3 Things I Learned About Generational Cycles From Laura & Este
1. The "Good Little Girl" Was A Survival Strategy, Not A Personality
Both Laura and Este talked about the same script. Get good grades. Make honor roll. Help raise the younger siblings. Translate the insurance calls because your parents only went up to fifth grade. Work at the family restaurant on the weekends. Be MVP on the basketball court. Never speak against your parents or anyone older than you. Read the energy of the room and adjust yourself to it.
And on top of all of that — be a good little girl who doesn't say what she's actually thinking.
If that sounds familiar to you, please hear this: that wasn't your personality. That was you, as a child, doing whatever it took to stay safe and stay loved in a system that didn't have room for your full humanity. You weren't "mature for your age." You were a kid carrying adult weight.
2. Family Loyalty That Only Shows Up In Tragedy Is Not Actually Loyalty
One of the most honest moments in this conversation was when Laura and Este named the contradiction at the center of their family. When somebody is sick, when someone passes, when shit hits the wall — everyone shows up. The food, the casseroles, the showing up at the hospital. Real.
But step out of line in any other way? Get divorced. Move in with your partner before marriage. Bring the wrong date to a family party. Decide you don't want children. And the same family that says we are everything to each other starts talking about you behind your back.
Real loyalty includes the boring parts. It shows up when you're not in crisis. It supports the version of you that's growing, not just the version that's grieving.
3. The "Choke Hold" Has A Grief Of Its Own
This is the part nobody warns you about, and it's the line from the episode I haven't been able to stop thinking about.
When you start doing the work — therapy, boundaries, breaking the cycle — you don't just lose the bad stuff. You lose relationships. You lose the version of family you grew up believing in. You lose the closeness you had with people who can't follow you into the version of yourself you're becoming.
And the wildest part?
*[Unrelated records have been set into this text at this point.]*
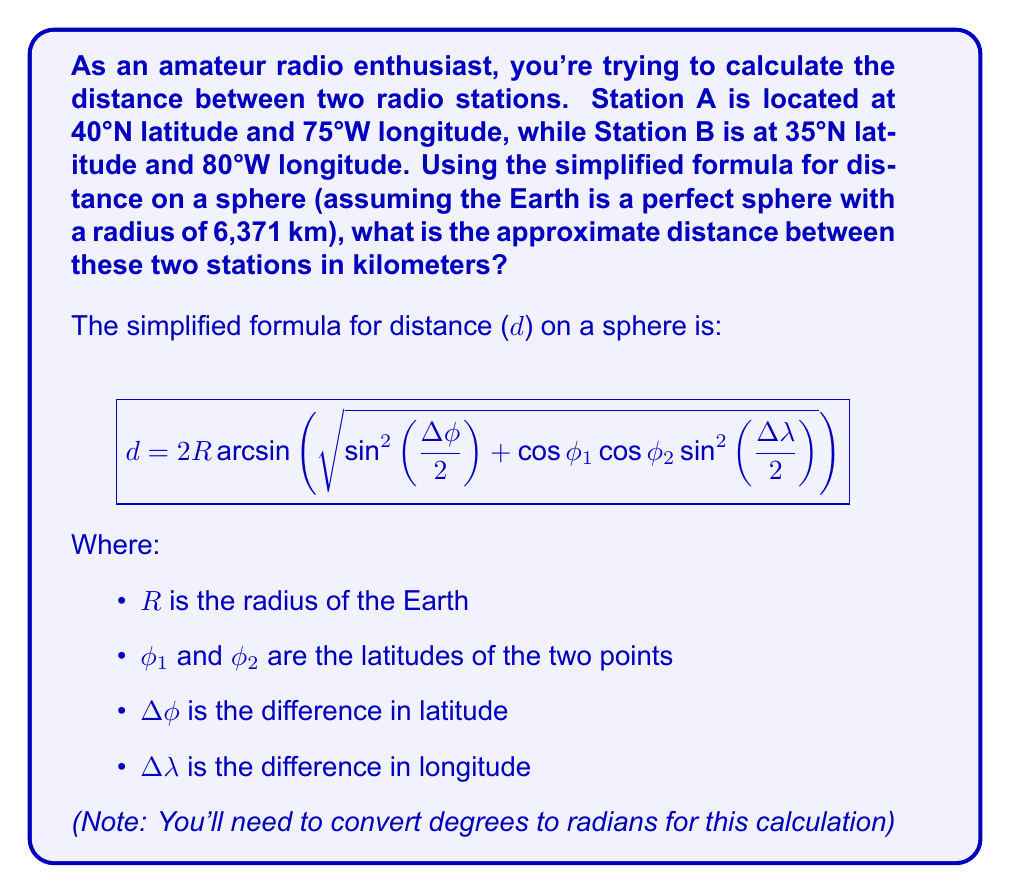Can you answer this question? Let's break this down step-by-step:

1) First, we need to convert our latitudes and longitudes from degrees to radians:
   $\phi_1 = 40° \times \frac{\pi}{180} = 0.6981$ radians
   $\phi_2 = 35° \times \frac{\pi}{180} = 0.6109$ radians
   $\lambda_1 = -75° \times \frac{\pi}{180} = -1.3090$ radians
   $\lambda_2 = -80° \times \frac{\pi}{180} = -1.3963$ radians

2) Calculate $\Delta\phi$ and $\Delta\lambda$:
   $\Delta\phi = \phi_2 - \phi_1 = 0.6109 - 0.6981 = -0.0872$ radians
   $\Delta\lambda = \lambda_2 - \lambda_1 = -1.3963 - (-1.3090) = -0.0873$ radians

3) Now let's plug these values into our formula:

   $$d = 2 \times 6371 \times \arcsin\left(\sqrt{\sin^2\left(\frac{-0.0872}{2}\right) + \cos(0.6981) \cos(0.6109) \sin^2\left(\frac{-0.0873}{2}\right)}\right)$$

4) Let's calculate the parts inside the square root:
   $\sin^2\left(\frac{-0.0872}{2}\right) = 0.00189$
   $\cos(0.6981) \cos(0.6109) = 0.5680$
   $\sin^2\left(\frac{-0.0873}{2}\right) = 0.00190$

5) Putting it all together:
   $$d = 2 \times 6371 \times \arcsin\left(\sqrt{0.00189 + 0.5680 \times 0.00190}\right)$$
   $$d = 12742 \times \arcsin\left(\sqrt{0.00297}\right)$$
   $$d = 12742 \times \arcsin(0.0545)$$
   $$d = 12742 \times 0.0545 = 694.44 \text{ km}$$

Therefore, the approximate distance between the two radio stations is about 694 km.
Answer: 694 km

Those people are still alive. You'll still see them at Christmas. You'll still post on their birthday. But the closeness is gone, and you have to grieve it without anyone acknowledging there's anything to grieve.
That's a specific kind of loss. It deserves a name.
The Take
What Laura and Este built didn't happen because they tried. It happened because both of them were already, separately, in the process of becoming themselves. They were both in therapy. They were both unlearning the rules. They were both letting old versions of themselves die.
And when that's happening to you — when you're in the messy middle of cycle-breaking — the people who can hold you are the ones doing the same work.
Sometimes that person is a stranger. Sometimes that person is a therapist. Sometimes that person is the cousin you sat across from at fifty Sunday dinners and never actually saw.
Here is what I want you to take away from this one:
You are allowed to love your family and name what hurt at the same time. Both things can be true. The food, the dancing, the resilience your parents carried over an ocean with nothing — none of that gets cancelled out by also saying, the rules I inherited cost me something.
You are allowed to break the choke hold. You are allowed to grieve what breaking it costs. And you are allowed to let the family you're born into be the place you find the family you choose.
If there's somebody in your extended family you've been meaning to text — go text them. You never know which one of them is going to turn out to be your person.